MATERIAL PROVIDED section start

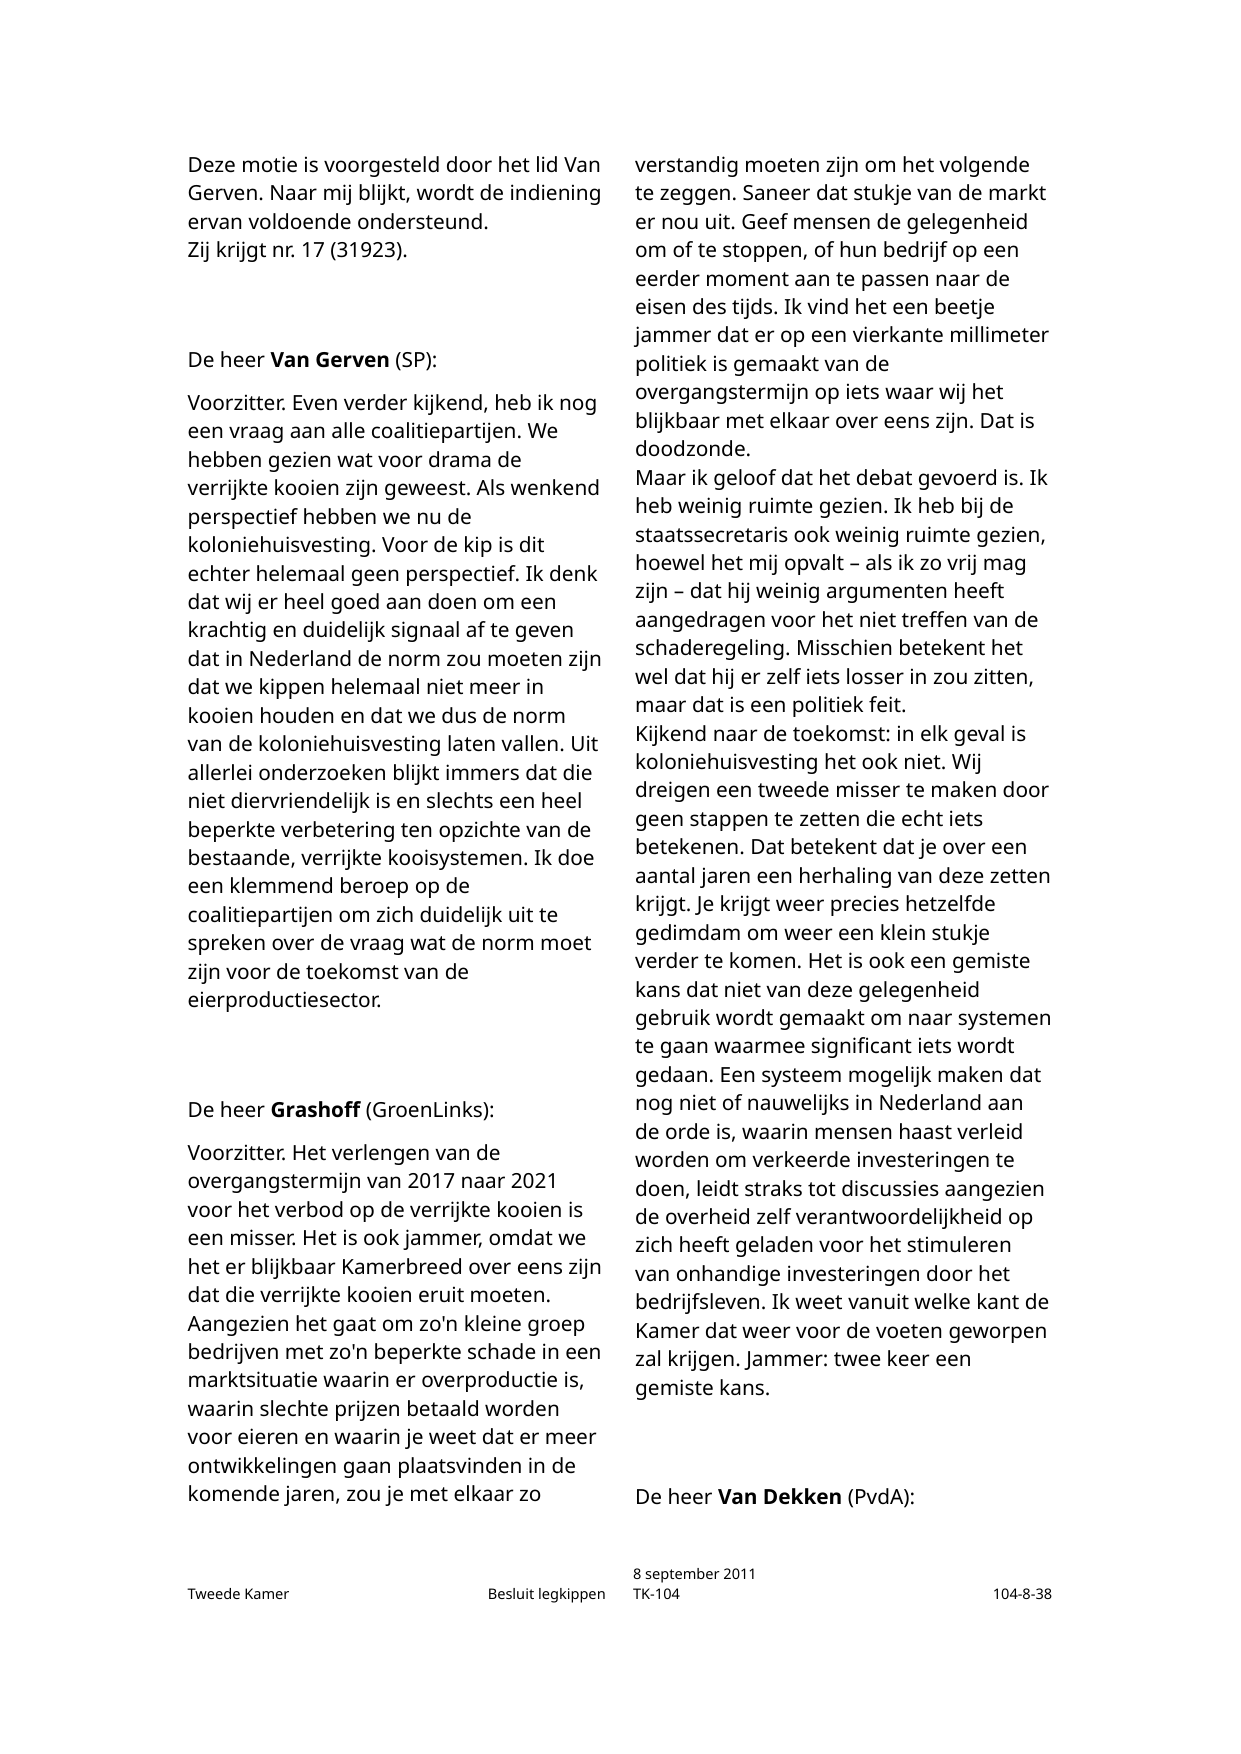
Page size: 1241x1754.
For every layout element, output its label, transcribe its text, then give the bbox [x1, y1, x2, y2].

text Deze motie is voorgesteld door het lid Van Gerven. Naar mij blijkt, wordt de indiening ervan voldoende ondersteund. [187, 150, 605, 235]
text Voorzitter. Het verlengen van de overgangstermijn van 2017 naar 2021 voor het verbod op de verrijkte kooien is een misser. Het is ook jammer, omdat we het er blijkbaar Kamerbreed over eens zijn dat die verrijkte kooien eruit moeten. Aangezien het gaat om zo'n kleine groep bedrijven met zo'n beperkte schade in een marktsituatie waarin er overproductie is, waarin slechte prijzen betaald worden voor eieren en waarin je weet dat er meer ontwikkelingen gaan plaatsvinden in de komende jaren, zou je met elkaar zo [187, 1138, 605, 1508]
text De heer Van Gerven (SP): [187, 345, 605, 373]
text  [187, 294, 605, 322]
text Kijkend naar de toekomst: in elk geval is koloniehuisvesting het ook niet. Wij dreigen een tweede misser te maken door geen stappen te zetten die echt iets betekenen. Dat betekent dat je over een aantal jaren een herhaling van deze zetten krijgt. Je krijgt weer precies hetzelfde gedimdam om weer een klein stukje verder te komen. Het is ook een gemiste kans dat niet van deze gelegenheid gebruik wordt gemaakt om naar systemen te gaan waarmee significant iets wordt gedaan. Een systeem mogelijk maken dat nog niet of nauwelijks in Nederland aan de orde is, waarin mensen haast verleid worden om verkeerde investeringen te doen, leidt straks tot discussies aangezien de overheid zelf verantwoordelijkheid op zich heeft geladen voor het stimuleren van onhandige investeringen door het bedrijfsleven. Ik weet vanuit welke kant de Kamer dat weer voor de voeten geworpen zal krijgen. Jammer: twee keer een gemiste kans. [635, 719, 1053, 1401]
text De heer Van Dekken (PvdA): [635, 1482, 1053, 1511]
text Voorzitter. Even verder kijkend, heb ik nog een vraag aan alle coalitiepartijen. We hebben gezien wat voor drama de verrijkte kooien zijn geweest. Als wenkend perspectief hebben we nu de koloniehuisvesting. Voor de kip is dit echter helemaal geen perspectief. Ik denk dat wij er heel goed aan doen om een krachtig en duidelijk signaal af te geven dat in Nederland de norm zou moeten zijn dat we kippen helemaal niet meer in kooien houden en dat we dus de norm van de koloniehuisvesting laten vallen. Uit allerlei onderzoeken blijkt immers dat die niet diervriendelijk is en slechts een heel beperkte verbetering ten opzichte van de bestaande, verrijkte kooisystemen. Ik doe een klemmend beroep op de coalitiepartijen om zich duidelijk uit te spreken over de vraag wat de norm moet zijn voor de toekomst van de eierproductiesector. [187, 388, 605, 1014]
text De heer Grashoff (GroenLinks): [187, 1095, 605, 1123]
text Zij krijgt nr. 17 (31923). [187, 235, 605, 264]
text  [187, 1044, 605, 1072]
text  [635, 1431, 1053, 1460]
text verstandig moeten zijn om het volgende te zeggen. Saneer dat stukje van de markt er nou uit. Geef mensen de gelegenheid om of te stoppen, of hun bedrijf op een eerder moment aan te passen naar de eisen des tijds. Ik vind het een beetje jammer dat er op een vierkante millimeter politiek is gemaakt van de overgangstermijn op iets waar wij het blijkbaar met elkaar over eens zijn. Dat is doodzonde. [635, 150, 1053, 463]
text Maar ik geloof dat het debat gevoerd is. Ik heb weinig ruimte gezien. Ik heb bij de staatssecretaris ook weinig ruimte gezien, hoewel het mij opvalt – als ik zo vrij mag zijn – dat hij weinig argumenten heeft aangedragen voor het niet treffen van de schaderegeling. Misschien betekent het wel dat hij er zelf iets losser in zou zitten, maar dat is een politiek feit. [635, 463, 1053, 719]

MATERIAL PROVIDED section end

** GOAL OF THE EXERCISE **
Please give all of the material again, exactly, without the images.

** THE ANSWER **
Page size: 1241x1754.
For every layout element, output its label, transcribe its text, then give the bbox [x1, y1, x2, y2].

text Deze motie is voorgesteld door het lid Van Gerven. Naar mij blijkt, wordt de indiening ervan voldoende ondersteund. [187, 150, 605, 235]
text Voorzitter. Het verlengen van de overgangstermijn van 2017 naar 2021 voor het verbod op de verrijkte kooien is een misser. Het is ook jammer, omdat we het er blijkbaar Kamerbreed over eens zijn dat die verrijkte kooien eruit moeten. Aangezien het gaat om zo'n kleine groep bedrijven met zo'n beperkte schade in een marktsituatie waarin er overproductie is, waarin slechte prijzen betaald worden voor eieren en waarin je weet dat er meer ontwikkelingen gaan plaatsvinden in de komende jaren, zou je met elkaar zo [187, 1138, 605, 1508]
text De heer Van Gerven (SP): [187, 345, 605, 373]
text  [187, 294, 605, 322]
text Kijkend naar de toekomst: in elk geval is koloniehuisvesting het ook niet. Wij dreigen een tweede misser te maken door geen stappen te zetten die echt iets betekenen. Dat betekent dat je over een aantal jaren een herhaling van deze zetten krijgt. Je krijgt weer precies hetzelfde gedimdam om weer een klein stukje verder te komen. Het is ook een gemiste kans dat niet van deze gelegenheid gebruik wordt gemaakt om naar systemen te gaan waarmee significant iets wordt gedaan. Een systeem mogelijk maken dat nog niet of nauwelijks in Nederland aan de orde is, waarin mensen haast verleid worden om verkeerde investeringen te doen, leidt straks tot discussies aangezien de overheid zelf verantwoordelijkheid op zich heeft geladen voor het stimuleren van onhandige investeringen door het bedrijfsleven. Ik weet vanuit welke kant de Kamer dat weer voor de voeten geworpen zal krijgen. Jammer: twee keer een gemiste kans. [635, 719, 1053, 1401]
text De heer Van Dekken (PvdA): [635, 1482, 1053, 1511]
text Voorzitter. Even verder kijkend, heb ik nog een vraag aan alle coalitiepartijen. We hebben gezien wat voor drama de verrijkte kooien zijn geweest. Als wenkend perspectief hebben we nu de koloniehuisvesting. Voor de kip is dit echter helemaal geen perspectief. Ik denk dat wij er heel goed aan doen om een krachtig en duidelijk signaal af te geven dat in Nederland de norm zou moeten zijn dat we kippen helemaal niet meer in kooien houden en dat we dus de norm van de koloniehuisvesting laten vallen. Uit allerlei onderzoeken blijkt immers dat die niet diervriendelijk is en slechts een heel beperkte verbetering ten opzichte van de bestaande, verrijkte kooisystemen. Ik doe een klemmend beroep op de coalitiepartijen om zich duidelijk uit te spreken over de vraag wat de norm moet zijn voor de toekomst van de eierproductiesector. [187, 388, 605, 1014]
text De heer Grashoff (GroenLinks): [187, 1095, 605, 1123]
text Zij krijgt nr. 17 (31923). [187, 235, 605, 264]
text  [187, 1044, 605, 1072]
text  [635, 1431, 1053, 1460]
text verstandig moeten zijn om het volgende te zeggen. Saneer dat stukje van de markt er nou uit. Geef mensen de gelegenheid om of te stoppen, of hun bedrijf op een eerder moment aan te passen naar de eisen des tijds. Ik vind het een beetje jammer dat er op een vierkante millimeter politiek is gemaakt van de overgangstermijn op iets waar wij het blijkbaar met elkaar over eens zijn. Dat is doodzonde. [635, 150, 1053, 463]
text Maar ik geloof dat het debat gevoerd is. Ik heb weinig ruimte gezien. Ik heb bij de staatssecretaris ook weinig ruimte gezien, hoewel het mij opvalt – als ik zo vrij mag zijn – dat hij weinig argumenten heeft aangedragen voor het niet treffen van de schaderegeling. Misschien betekent het wel dat hij er zelf iets losser in zou zitten, maar dat is een politiek feit. [635, 463, 1053, 719]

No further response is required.